De ahí la cercanía de Dios en Jesús y en la palabra que comunicaba el
mensaje mismo de Dios. Pero el hecho es que Jesús, durante su mantenida
comunicación de años en la predicación ante Israel, anunció
repetidamente que debía morir y resucitar al tercer día, de manera que
se manifestara y se realizara el eterno designio divino, la misión del
Padre para la que se había encarnado y que debía culminar en su Muerte
y Resurrección.
Es algo extraño que Jesús anunciara que Él Mismo era el mensaje que
proclama el eterno designio divino. Él Mismo en su condición divina y
en el devenir de las circunstancias de su vida. Jesús, en sus palabras
y en sus hechos. Sus palabras no eran ajenas a los hechos porque
estaban en armonía con ellos. Sus palabras desvelaban el sentido
cósmico y universal de su vida. Desde el hecho germinal de la
Encarnación hasta su Muerte y Resurrección, acompañado todo ello por su
palabra, la historia de Jesús, Hijo de Dios, muestra la extraordinaria
coherencia que desvela el sentido de la creación, el plan de Dios y las
razones por las que Dios se inclinó a crear este mundo que tenía tanto
en contra para no ser creado. El mensaje de Dios en Jesús nos dice,
como vamos a ver, que el Dios real es un Dios que, en la historia, ha
aceptado pasar por el momento de su ocultamiento, de su kénosis, como
manifiesta inicialmente en la Encarnación y terminalmente en la Muerte
de Cristo. Pero que ese mismo Dios es el Dios que se manifestará como
Dios liberador final de la historia humana, como se anticipa por la
Resurrección.
De esta manera, la Muerte y Resurrección de Cristo, nos dicen que el
Dios real es, en efecto, el Dios que ha creado el universo aceptando su
ocultamiento, su kénosis ante la historia humana, su ausencia del mundo
por su silencio ante el conocimiento y por su silencio ante el drama de
la historia. El Dios que ha querido crear un escenario de incertidumbre
por el enigma del universo y por el enigma del drama de la historia.

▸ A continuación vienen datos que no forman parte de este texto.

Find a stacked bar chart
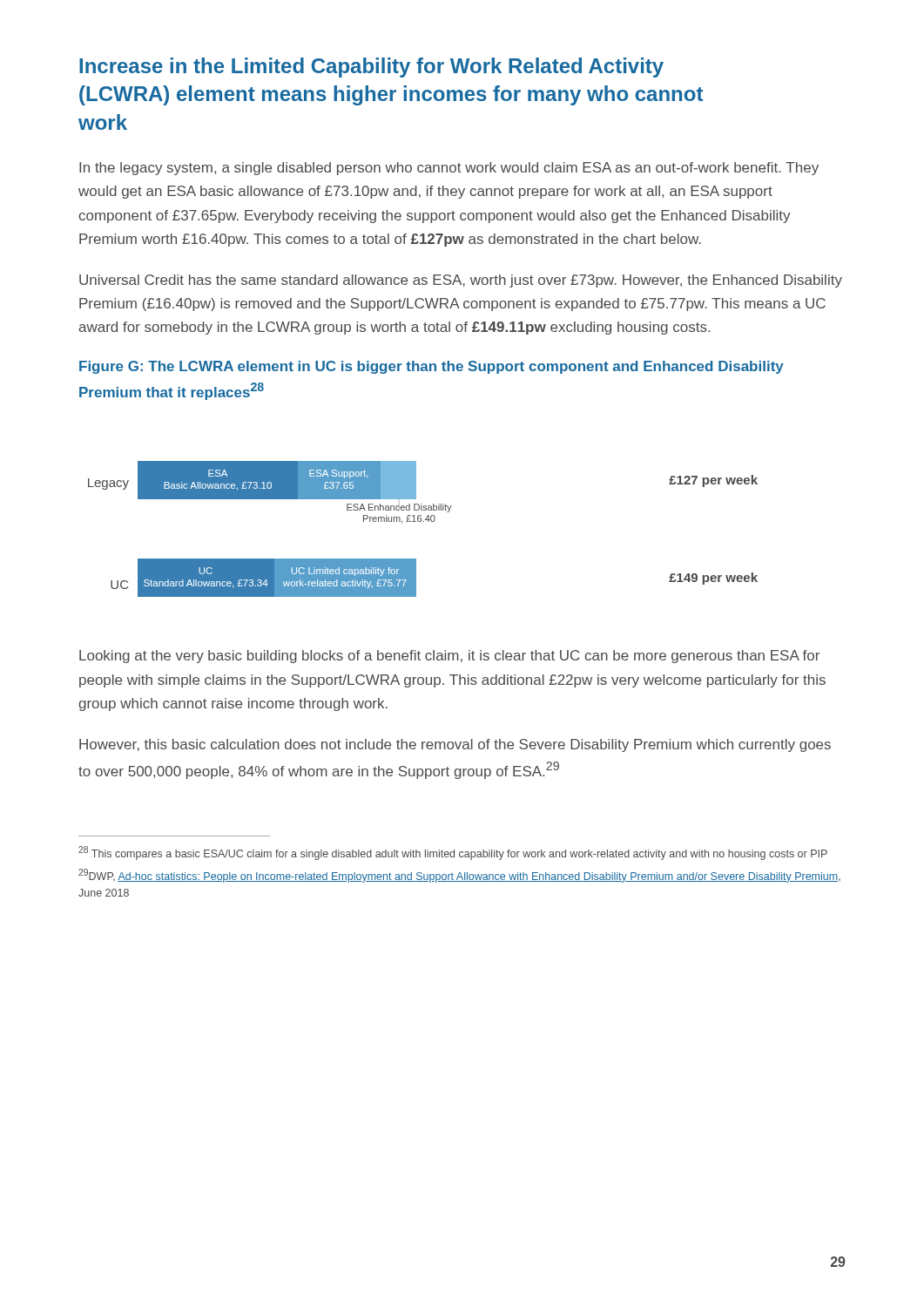This screenshot has height=1307, width=924. [462, 524]
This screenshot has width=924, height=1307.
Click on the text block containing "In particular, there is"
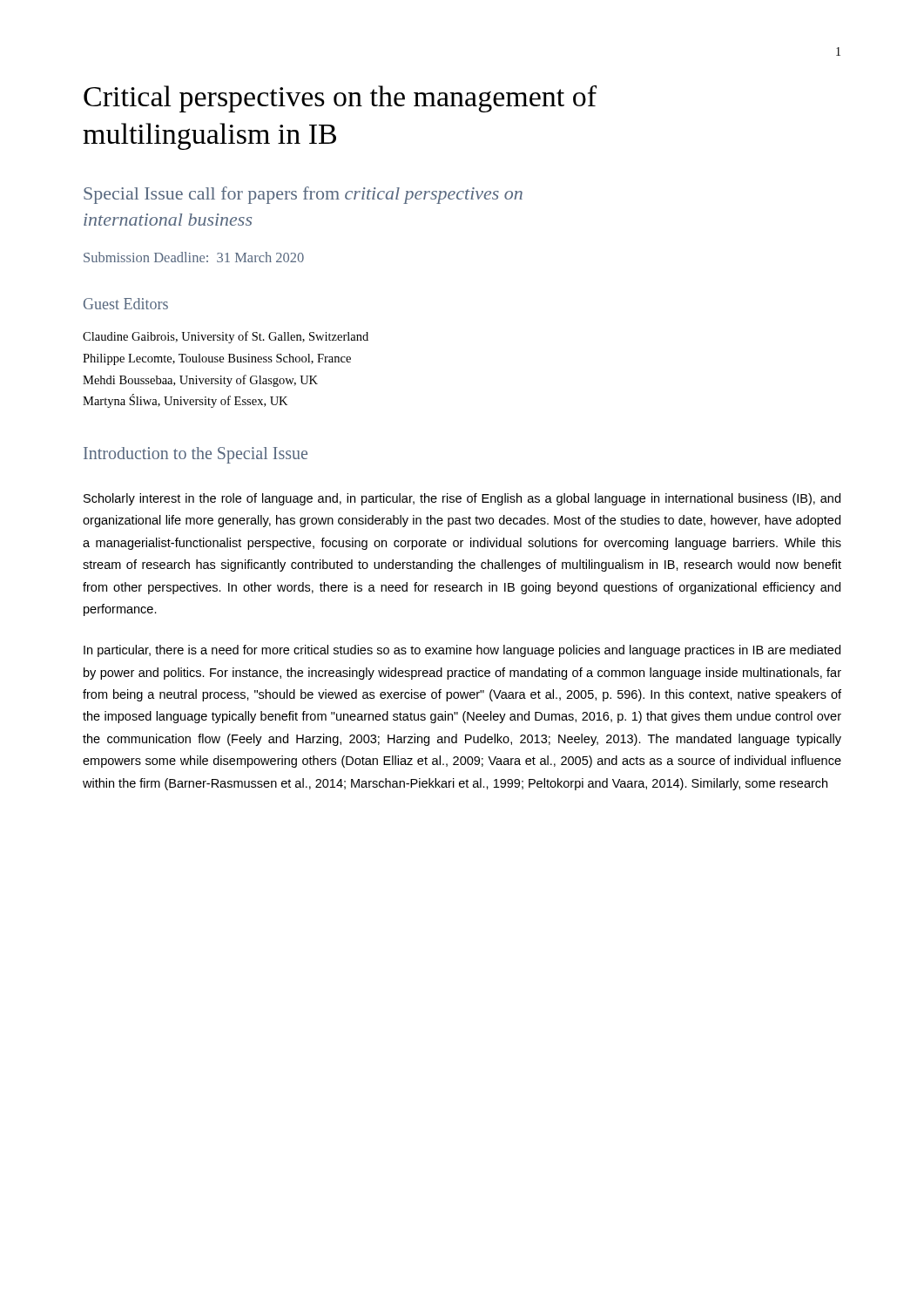pyautogui.click(x=462, y=717)
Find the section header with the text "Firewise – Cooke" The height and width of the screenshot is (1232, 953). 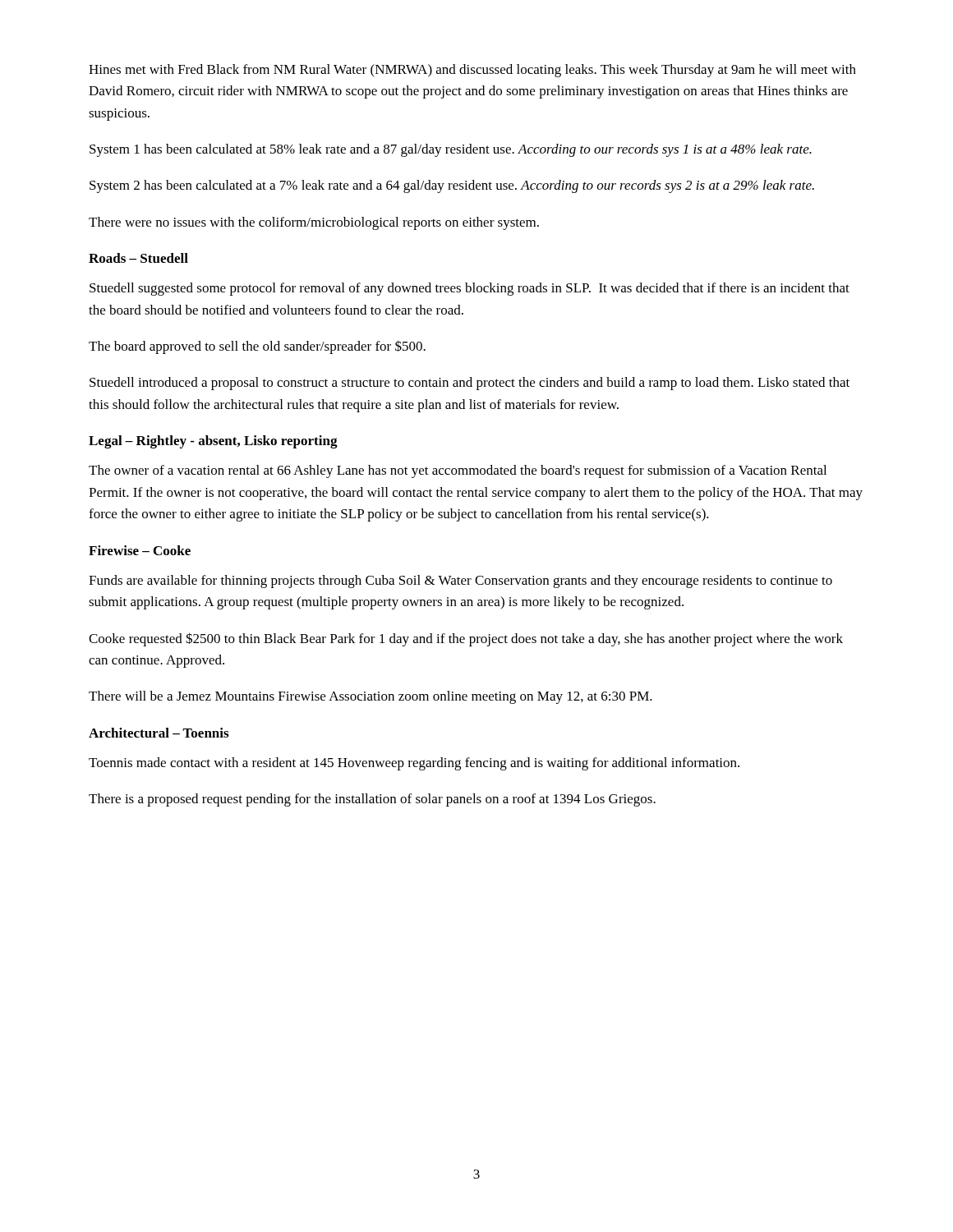click(x=140, y=550)

Pero por la Resurrección, en que acaba la historia de Jesús, se nos
dice también que el Dios real, autor de la creación, es un Dios que,
como vemos anticipadamente en Jesús, liberará a toda la humanidad del
enigma del universo, del drama de la historia y de la angustia final de
la muerte. De esta manera, el mensaje de Dios en el misterio de la
Muerte y Resurrección de Jesús, plenificando la historia de sus hechos
comenzada en la Encarnación, es claro: es una revelación que nos dice
que el Dios real es efectivamente aquel mismo Dios al que nos sentimos
impulsados a creer como hombres, el Dios en que podemos creer con
sentido si aceptamos la existencia de un Dios oculto (al aceptarlo
aceptamos el Misterio de la Cruz, del anonadamiento kenótico de Dios en
la creación) y liberador (al aceptarlo aceptamos el Misterio de la
Resurrección que anticipa la liberación final de la humanidad en una
dimensión metahistórica, más allá de la muerte).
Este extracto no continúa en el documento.